There are a few drawbacks to this scheme though. First, the more tracks that you record, the more that you have to back off on the individual volume of each track. Why? Because when all of the tracks are mathematically summed together by CakeWalk, if at any point the sum exceeds a 16-bit value, you'll get clipping. The more tracks that you sum, the more likely you are to get clipping -- unless you back off on the individual track volumes more with each added track. It doesn't matter if your card has 18-bit (ie, Tahiti) or 20-bit (ie, Pinnacle) DACs. CakeWalk itself performs the sum into a 16-bit mix, so there is an inherent 16-bit limitation to CakeWalk's output (or any other program that is limited to 16-bit digital audio -- some digital audio programs offer greater than 16-bit resolution for their internal mixing, such as 24-bit or 32-bit. These programs don't require you to back off on the individual wave volumes so much. If you're using a lot of virtual tracks, use a program with at least 24-bit resolution for its internal mixing). So the more tracks you record, the less dynamic range you get for each individual track as you turn down the individual volume to avoid clipping the mix. I doubt that you'd want to mix more than 4 mono virtual tracks to one card. (On the plus side, if you get more digital audio cards, you can then split up virtual tracks among them since CakeWalk can use more than 1 card simultaneously. But remember that most ISA cards require at least 1 DMA channel for playback, and 1 for full-duplex recording, and a PC has only 3 16-bit DMA channels, so you're pretty much limited to 2 ISA sound cards -- unless you get a Tahiti, Fiji, or Pinnacle which use a proprietary, non-DMA method of output, or a PCI card as those do not use motherboard DMA). Of course, you could get one of those cards with 8 digital audio channels like a DAL V8, Antex SoundCard, EMagic Audiowerk8, or DigiDesign Session 8, which usually have their own accompanying program to support better than 16-bit DACs and perhaps better throughput.

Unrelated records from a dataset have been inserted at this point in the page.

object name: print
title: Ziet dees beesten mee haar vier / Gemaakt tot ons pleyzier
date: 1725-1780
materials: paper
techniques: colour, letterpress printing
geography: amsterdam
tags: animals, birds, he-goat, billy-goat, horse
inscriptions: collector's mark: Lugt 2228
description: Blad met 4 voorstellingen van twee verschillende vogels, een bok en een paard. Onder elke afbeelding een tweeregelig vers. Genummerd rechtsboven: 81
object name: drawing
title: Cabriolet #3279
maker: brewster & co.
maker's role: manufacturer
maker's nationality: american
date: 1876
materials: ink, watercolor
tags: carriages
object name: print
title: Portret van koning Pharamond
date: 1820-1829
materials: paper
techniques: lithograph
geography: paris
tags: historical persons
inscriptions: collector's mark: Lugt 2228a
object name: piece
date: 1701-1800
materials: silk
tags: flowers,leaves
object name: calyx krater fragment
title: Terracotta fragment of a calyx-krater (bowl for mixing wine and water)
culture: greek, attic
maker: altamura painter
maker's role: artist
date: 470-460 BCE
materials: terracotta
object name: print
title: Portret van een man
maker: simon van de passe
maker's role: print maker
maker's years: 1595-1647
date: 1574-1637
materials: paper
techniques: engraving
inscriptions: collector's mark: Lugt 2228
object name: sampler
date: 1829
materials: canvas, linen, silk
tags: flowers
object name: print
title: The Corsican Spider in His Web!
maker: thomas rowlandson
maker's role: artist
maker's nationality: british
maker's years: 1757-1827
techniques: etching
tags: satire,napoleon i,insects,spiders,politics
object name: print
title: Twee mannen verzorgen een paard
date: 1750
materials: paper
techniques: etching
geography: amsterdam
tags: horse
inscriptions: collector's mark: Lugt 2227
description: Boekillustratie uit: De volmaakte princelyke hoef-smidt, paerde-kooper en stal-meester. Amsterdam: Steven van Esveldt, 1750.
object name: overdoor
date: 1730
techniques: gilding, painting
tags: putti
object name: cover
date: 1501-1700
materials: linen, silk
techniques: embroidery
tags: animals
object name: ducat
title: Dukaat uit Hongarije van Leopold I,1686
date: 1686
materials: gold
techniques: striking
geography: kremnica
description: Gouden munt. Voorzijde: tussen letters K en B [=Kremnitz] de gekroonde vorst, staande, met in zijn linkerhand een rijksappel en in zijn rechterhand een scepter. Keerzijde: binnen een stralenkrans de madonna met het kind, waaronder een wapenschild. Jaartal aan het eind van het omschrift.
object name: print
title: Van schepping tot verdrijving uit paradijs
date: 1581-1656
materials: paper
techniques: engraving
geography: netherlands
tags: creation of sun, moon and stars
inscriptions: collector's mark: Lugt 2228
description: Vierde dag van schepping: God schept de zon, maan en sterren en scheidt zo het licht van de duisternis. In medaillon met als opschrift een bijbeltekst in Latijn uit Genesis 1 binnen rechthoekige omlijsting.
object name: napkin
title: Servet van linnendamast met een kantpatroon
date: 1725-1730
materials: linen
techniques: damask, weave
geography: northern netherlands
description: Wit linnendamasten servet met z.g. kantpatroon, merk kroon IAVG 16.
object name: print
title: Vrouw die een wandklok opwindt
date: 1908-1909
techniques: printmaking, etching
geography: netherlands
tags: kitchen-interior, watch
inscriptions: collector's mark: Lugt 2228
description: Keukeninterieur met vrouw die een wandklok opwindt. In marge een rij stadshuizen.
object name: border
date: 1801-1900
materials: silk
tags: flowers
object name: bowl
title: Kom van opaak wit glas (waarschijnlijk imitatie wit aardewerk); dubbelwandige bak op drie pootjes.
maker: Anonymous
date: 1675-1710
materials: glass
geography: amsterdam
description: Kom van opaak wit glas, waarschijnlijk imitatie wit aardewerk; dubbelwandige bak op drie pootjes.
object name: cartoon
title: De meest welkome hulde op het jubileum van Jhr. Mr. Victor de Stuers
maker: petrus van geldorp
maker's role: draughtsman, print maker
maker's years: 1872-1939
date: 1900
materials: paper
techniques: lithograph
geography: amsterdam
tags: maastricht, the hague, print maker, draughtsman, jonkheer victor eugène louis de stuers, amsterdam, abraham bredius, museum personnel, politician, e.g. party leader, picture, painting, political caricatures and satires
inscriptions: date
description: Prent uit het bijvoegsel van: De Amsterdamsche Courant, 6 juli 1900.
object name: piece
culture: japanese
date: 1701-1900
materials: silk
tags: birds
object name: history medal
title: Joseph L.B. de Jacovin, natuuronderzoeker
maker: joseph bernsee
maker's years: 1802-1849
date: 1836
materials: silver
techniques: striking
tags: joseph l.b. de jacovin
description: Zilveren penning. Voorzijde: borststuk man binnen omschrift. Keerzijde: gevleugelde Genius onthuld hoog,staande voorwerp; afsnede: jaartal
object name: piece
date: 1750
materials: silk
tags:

Secondly, you may lose some of the individual hardware control of the card when CakeWalk takes over the task of digitally mixing the output. For example, CakeWalk has to operate a Roland RAP-10 in its stereo mode, so you lose the RAP's individual control over each track's reverb/delay and chorus (effective when the RAP-10 channels are used as 2 Mono channels). In other words, most programs take a generic approach to virtual tracks which may not support some of the more esoteric functions of certain cards. So, it's important that if you get a card that has something more than just a simple, stereo 16-bit DAC, you make sure that you have software support for that additional functionality lest you want it to be wasted by a program that treats your card as if it were a simple, stereo 16-bit DAC.